Auteur du rassurant « Wonderful Glorious » en février dernier, Eels en a profité pour fouler tout récemment quelques scènes françaises. L’occasion de revoir sur scène un artiste rare dont la tristesse récurrente des compositions a toujours reflété une personnalité atypique, pas toujours facile à comprendre. Pour cela, rien de mieux que de se replonger dans « Tais Toi ou Meurs », autobiographie parue il y a quelques années, signée par un Mark Oliver Everett qui met cartes sur table durant un peu plus de deux cents pages.

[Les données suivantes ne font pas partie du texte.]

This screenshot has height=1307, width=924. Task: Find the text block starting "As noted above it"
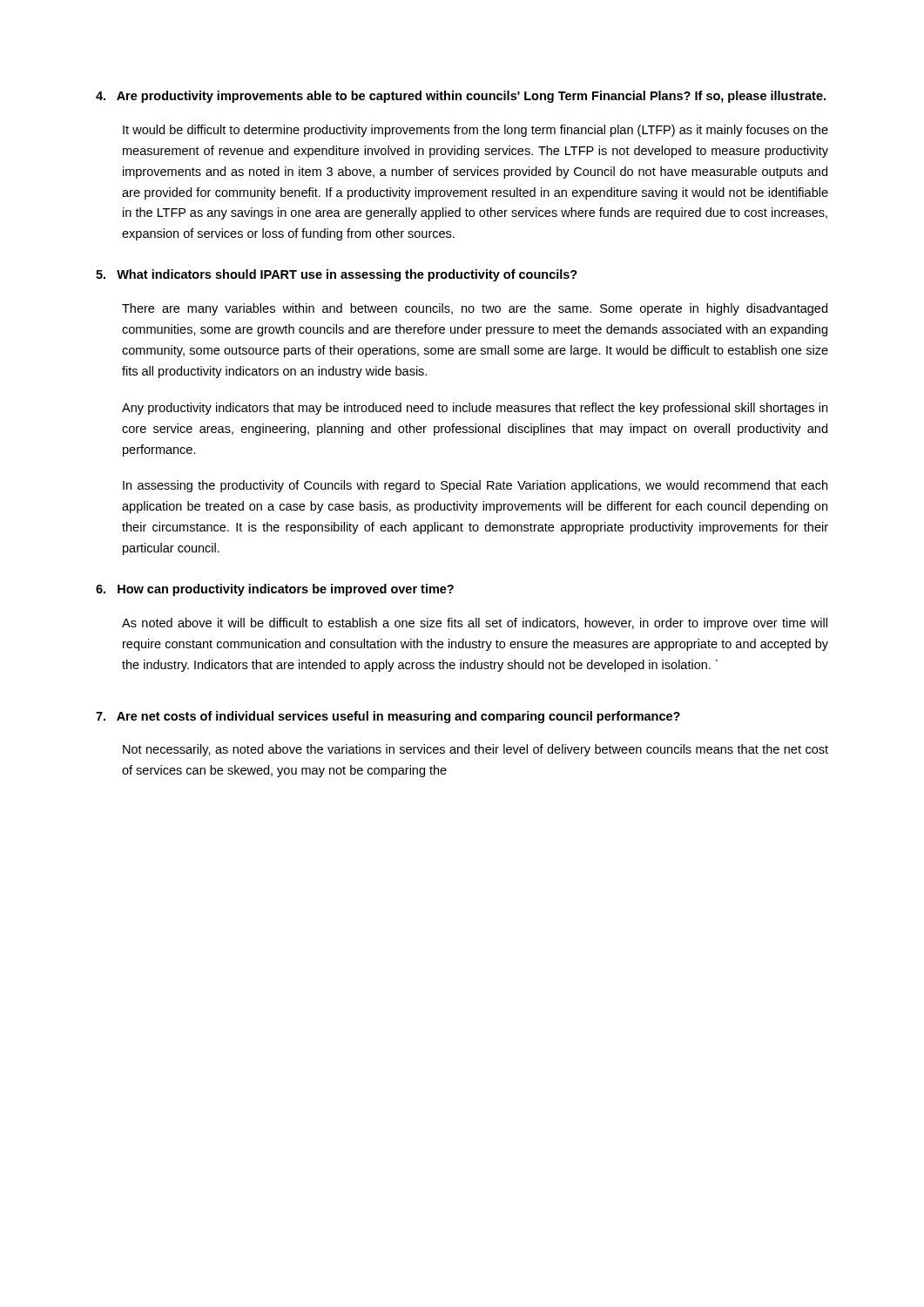[475, 644]
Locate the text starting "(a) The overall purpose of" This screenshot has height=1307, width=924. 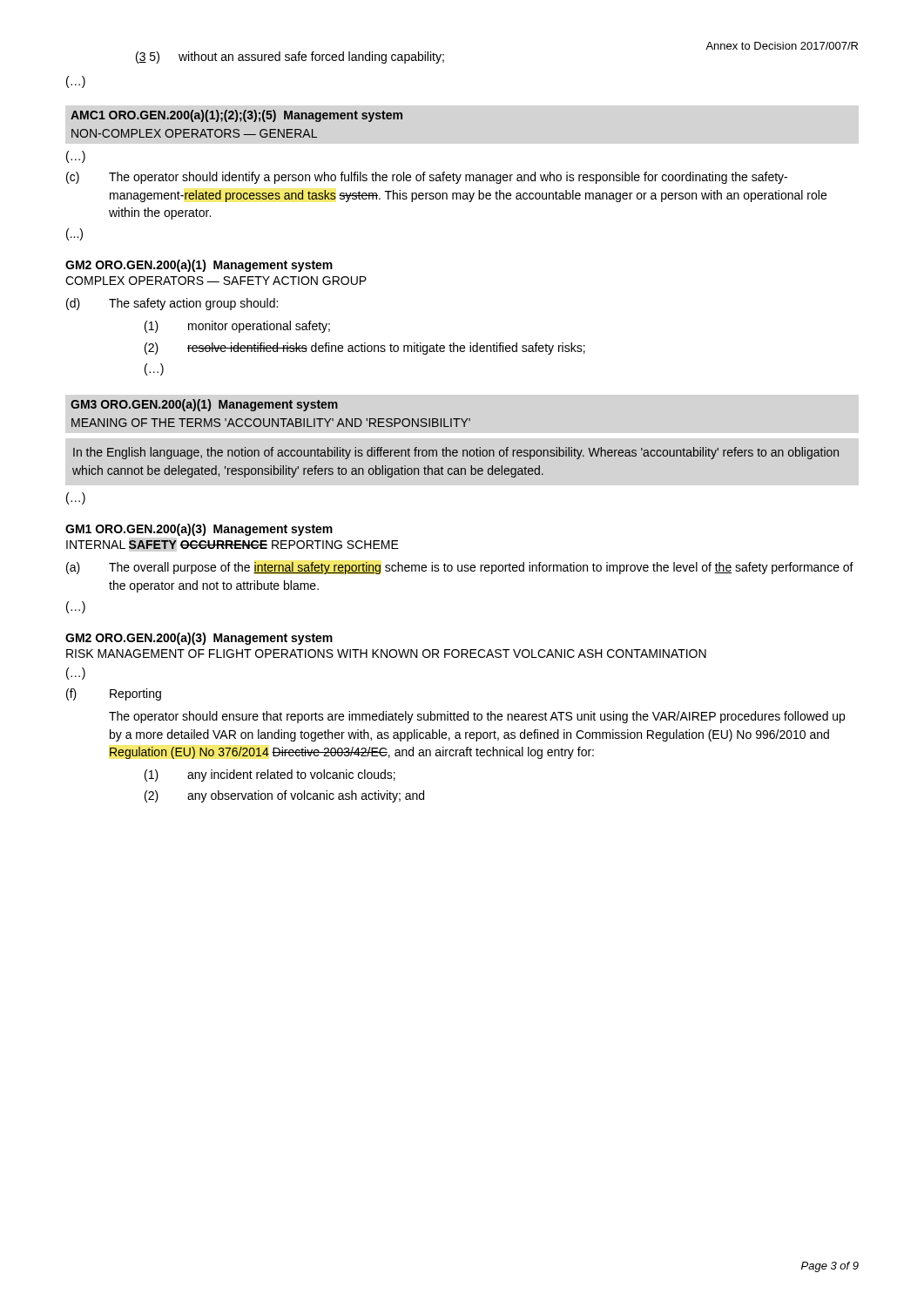462,577

De ses débuts jusqu’à ce qu’il s’attèle à sa récente trilogie, il dit tout ou presque: Everett affiche aussi haut son amour pour la musique qui l’a sauvée que sa haine du music business, défend sa totale indépendance face au métier comme face à son public, met ses sentiments à nu, aborde sans pudeur son dysfonctionnement social responsable de sa solitude comme de ses nombreuses ruptures amoureuses, et revient sur les multiples tragédies qui n’ont cessé de ponctuer une vie que la mort n’a cessé de poursuivre. C’est alors dans le détail qu’il expose les moments les plus difficiles de son existence: la mort de son père (génie scientifique auteur de la « théorie des mondes multiples »), de sa cousine hôtesse de l’air dans les avions du 11 septembre 2001, du suicide de sa soeur suivi un an plus tard du décès de sa mère atteinte d’un cancer, puis celui d’un proche compagnon de route.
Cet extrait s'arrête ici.